* Problem details *
Report every line in the listing that contains the string "atsakomybė".

+ + + + + + +

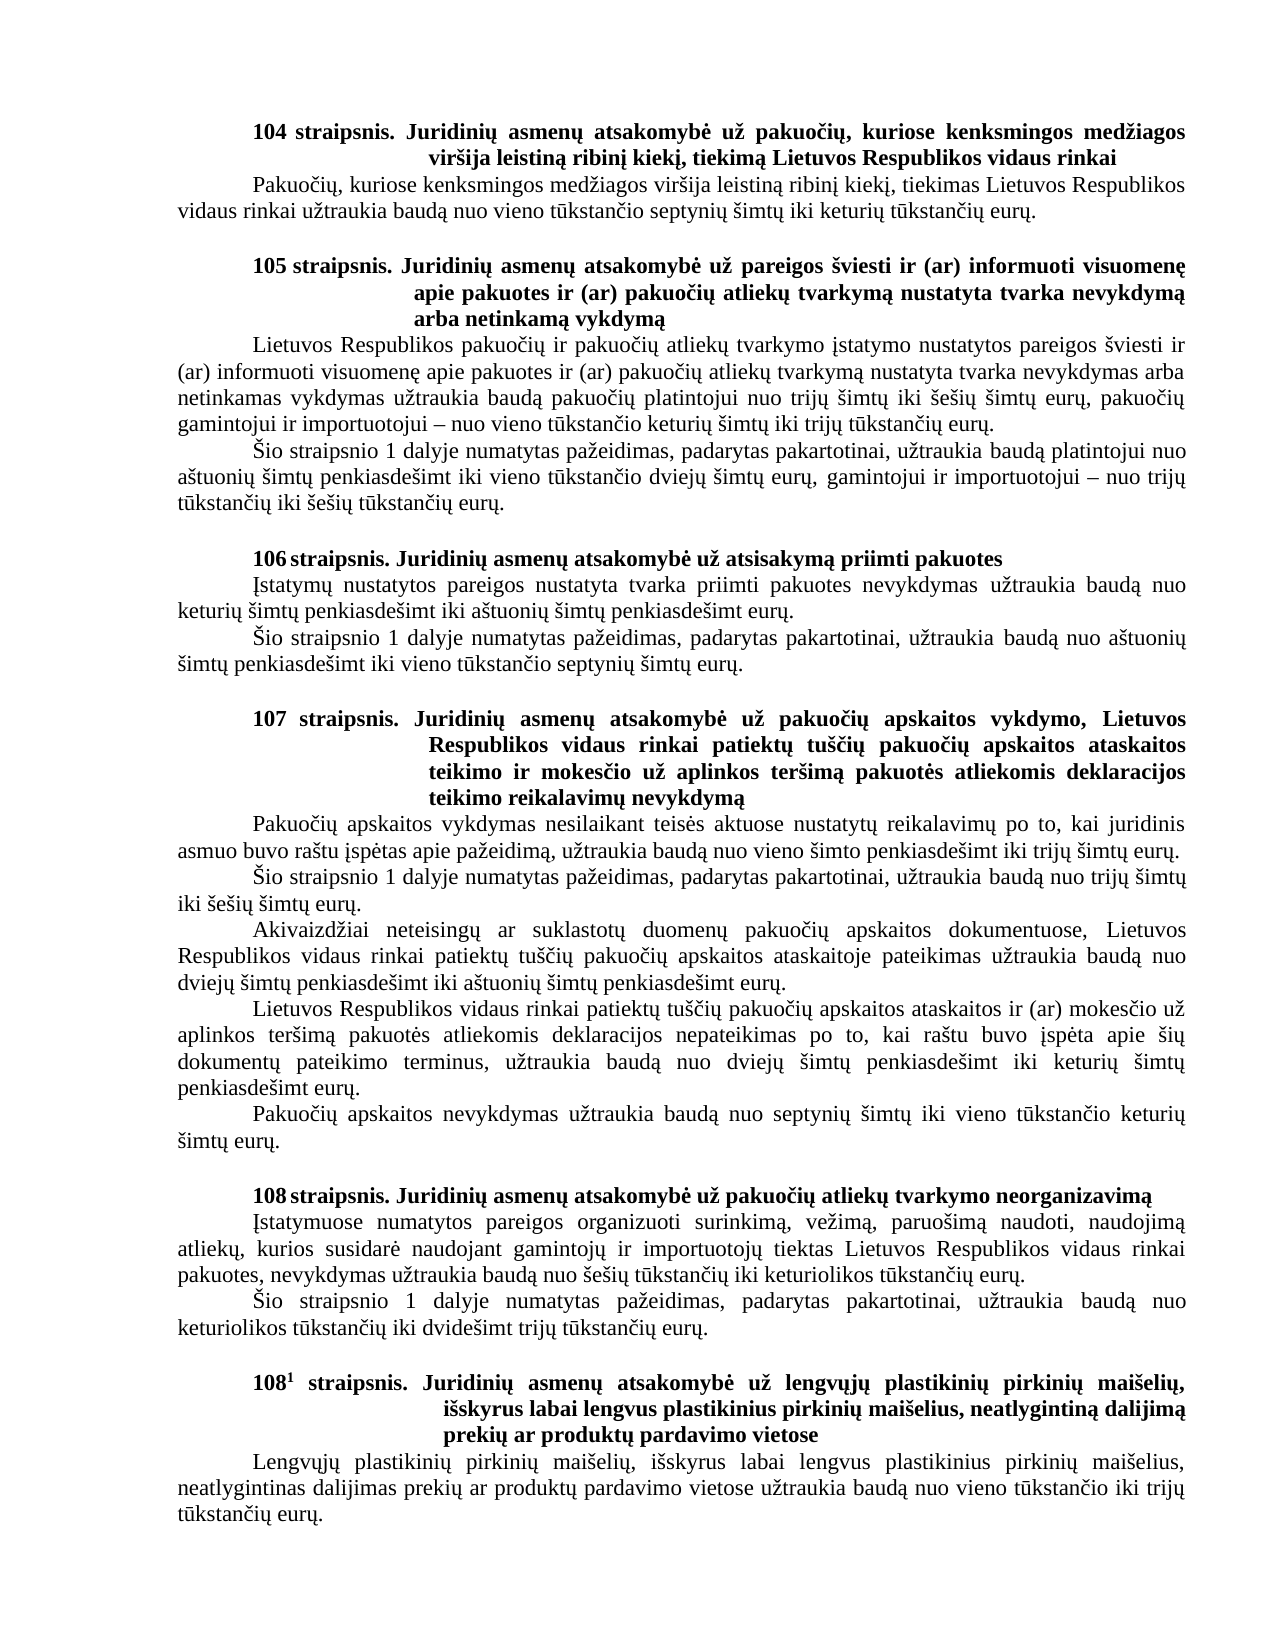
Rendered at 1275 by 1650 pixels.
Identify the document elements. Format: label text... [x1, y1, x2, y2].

text Lengvųjų plastikinių pirkinių maišelių, išskyrus labai lengvus plastikinius pirkinių maišelius, neatlygintinas dalijimas prekių ar produktų pardavimo vietose užtraukia baudą nuo vieno tūkstančio iki trijų tūkstančių eurų. [177, 1448, 1186, 1527]
text 104 straipsnis. Juridinių asmenų atsakomybė už pakuočių, kuriose kenksmingos medžiagos viršija leistiną ribinį kiekį, tiekimą Lietuvos Respublikos vidaus rinkai [252, 118, 1186, 171]
text 107 straipsnis. Juridinių asmenų atsakomybė už pakuočių apskaitos vykdymo, Lietuvos Respublikos vidaus rinkai patiektų tuščių pakuočių apskaitos ataskaitos teikimo ir mokesčio už aplinkos teršimą pakuotės atliekomis deklaracijos teikimo reikalavimų nevykdymą [252, 705, 1186, 811]
text 105 straipsnis. Juridinių asmenų atsakomybė už pareigos šviesti ir (ar) informuoti visuomenę apie pakuotes ir (ar) pakuočių atliekų tvarkymą nustatyta tvarka nevykdymą arba netinkamą vykdymą [252, 252, 1186, 331]
text 1081 straipsnis. Juridinių asmenų atsakomybė už lengvųjų plastikinių pirkinių maišelių, išskyrus labai lengvus plastikinius pirkinių maišelius, neatlygintiną dalijimą prekių ar produktų pardavimo vietose [252, 1369, 1186, 1448]
text 106 straipsnis. Juridinių asmenų atsakomybė už atsisakymą priimti pakuotes [177, 544, 1186, 571]
text Lietuvos Respublikos pakuočių ir pakuočių atliekų tvarkymo įstatymo nustatytos pareigos šviesti ir (ar) informuoti visuomenę apie pakuotes ir (ar) pakuočių atliekų tvarkymą nustatyta tvarka nevykdymas arba netinkamas vykdymas užtraukia baudą pakuočių platintojui nuo trijų šimtų iki šešių šimtų eurų, pakuočių gamintojui ir importuotojui – nuo vieno tūkstančio keturių šimtų iki trijų tūkstančių eurų. [177, 331, 1186, 437]
text Akivaizdžiai neteisingų ar suklastotų duomenų pakuočių apskaitos dokumentuose, Lietuvos Respublikos vidaus rinkai patiektų tuščių pakuočių apskaitos ataskaitoje pateikimas užtraukia baudą nuo dviejų šimtų penkiasdešimt iki aštuonių šimtų penkiasdešimt eurų. [177, 916, 1186, 995]
text Pakuočių apskaitos vykdymas nesilaikant teisės aktuose nustatytų reikalavimų po to, kai juridinis asmuo buvo raštu įspėtas apie pažeidimą, užtraukia baudą nuo vieno šimto penkiasdešimt iki trijų šimtų eurų. [177, 811, 1186, 863]
text Šio straipsnio 1 dalyje numatytas pažeidimas, padarytas pakartotinai, užtraukia baudą platintojui nuo aštuonių šimtų penkiasdešimt iki vieno tūkstančio dviejų šimtų eurų, gamintojui ir importuotojui – nuo trijų tūkstančių iki šešių tūkstančių eurų. [177, 437, 1186, 516]
text Šio straipsnio 1 dalyje numatytas pažeidimas, padarytas pakartotinai, užtraukia baudą nuo aštuonių šimtų penkiasdešimt iki vieno tūkstančio septynių šimtų eurų. [177, 624, 1186, 676]
text Šio straipsnio 1 dalyje numatytas pažeidimas, padarytas pakartotinai, užtraukia baudą nuo trijų šimtų iki šešių šimtų eurų. [177, 863, 1186, 916]
text Įstatymų nustatytos pareigos nustatyta tvarka priimti pakuotes nevykdymas užtraukia baudą nuo keturių šimtų penkiasdešimt iki aštuonių šimtų penkiasdešimt eurų. [177, 571, 1186, 624]
text Lietuvos Respublikos vidaus rinkai patiektų tuščių pakuočių apskaitos ataskaitos ir (ar) mokesčio už aplinkos teršimą pakuotės atliekomis deklaracijos nepateikimas po to, kai raštu buvo įspėta apie šių dokumentų pateikimo terminus, užtraukia baudą nuo dviejų šimtų penkiasdešimt iki keturių šimtų penkiasdešimt eurų. [177, 995, 1186, 1100]
text Įstatymuose numatytos pareigos organizuoti surinkimą, vežimą, paruošimą naudoti, naudojimą atliekų, kurios susidarė naudojant gamintojų ir importuotojų tiektas Lietuvos Respublikos vidaus rinkai pakuotes, nevykdymas užtraukia baudą nuo šešių tūkstančių iki keturiolikos tūkstančių eurų. [177, 1208, 1186, 1287]
text Pakuočių, kuriose kenksmingos medžiagos viršija leistiną ribinį kiekį, tiekimas Lietuvos Respublikos vidaus rinkai užtraukia baudą nuo vieno tūkstančio septynių šimtų iki keturių tūkstančių eurų. [177, 171, 1186, 223]
text Šio straipsnio 1 dalyje numatytas pažeidimas, padarytas pakartotinai, užtraukia baudą nuo keturiolikos tūkstančių iki dvidešimt trijų tūkstančių eurų. [177, 1287, 1186, 1340]
text Pakuočių apskaitos nevykdymas užtraukia baudą nuo septynių šimtų iki vieno tūkstančio keturių šimtų eurų. [177, 1100, 1186, 1153]
text 108 straipsnis. Juridinių asmenų atsakomybė už pakuočių atliekų tvarkymo neorganizavimą [252, 1182, 1186, 1208]
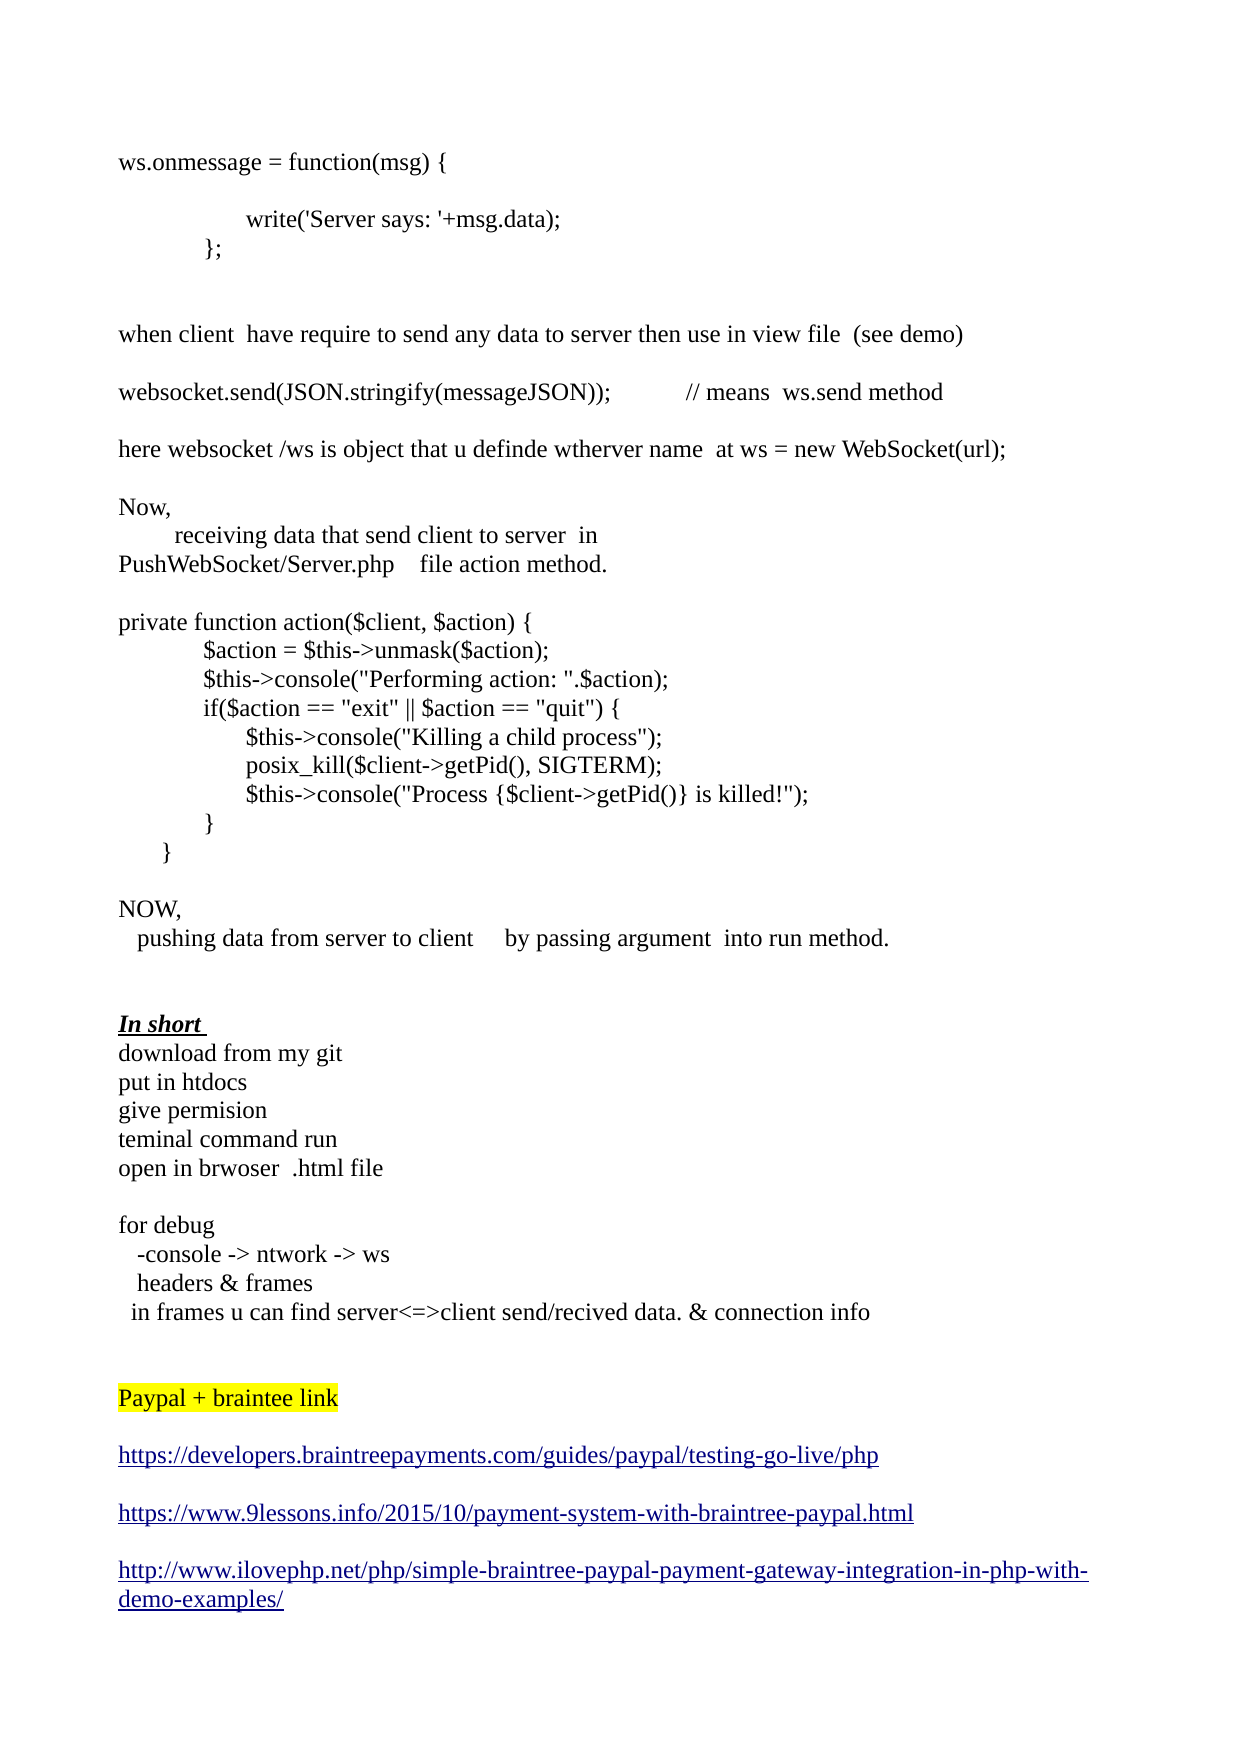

+ + + + + + +

* Solution to this problem *
text 104 straipsnis. Juridinių asmenų atsakomybė už pakuočių, kuriose kenksmingos medžiagos viršija leistiną ribinį kiekį, tiekimą Lietuvos Respublikos vidaus rinkai [252, 118, 1186, 171]
text 107 straipsnis. Juridinių asmenų atsakomybė už pakuočių apskaitos vykdymo, Lietuvos Respublikos vidaus rinkai patiektų tuščių pakuočių apskaitos ataskaitos teikimo ir mokesčio už aplinkos teršimą pakuotės atliekomis deklaracijos teikimo reikalavimų nevykdymą [252, 705, 1186, 811]
text 105 straipsnis. Juridinių asmenų atsakomybė už pareigos šviesti ir (ar) informuoti visuomenę apie pakuotes ir (ar) pakuočių atliekų tvarkymą nustatyta tvarka nevykdymą arba netinkamą vykdymą [252, 252, 1186, 331]
text 1081 straipsnis. Juridinių asmenų atsakomybė už lengvųjų plastikinių pirkinių maišelių, išskyrus labai lengvus plastikinius pirkinių maišelius, neatlygintiną dalijimą prekių ar produktų pardavimo vietose [252, 1369, 1186, 1448]
text 106 straipsnis. Juridinių asmenų atsakomybė už atsisakymą priimti pakuotes [177, 544, 1186, 571]
text 108 straipsnis. Juridinių asmenų atsakomybė už pakuočių atliekų tvarkymo neorganizavimą [252, 1182, 1186, 1208]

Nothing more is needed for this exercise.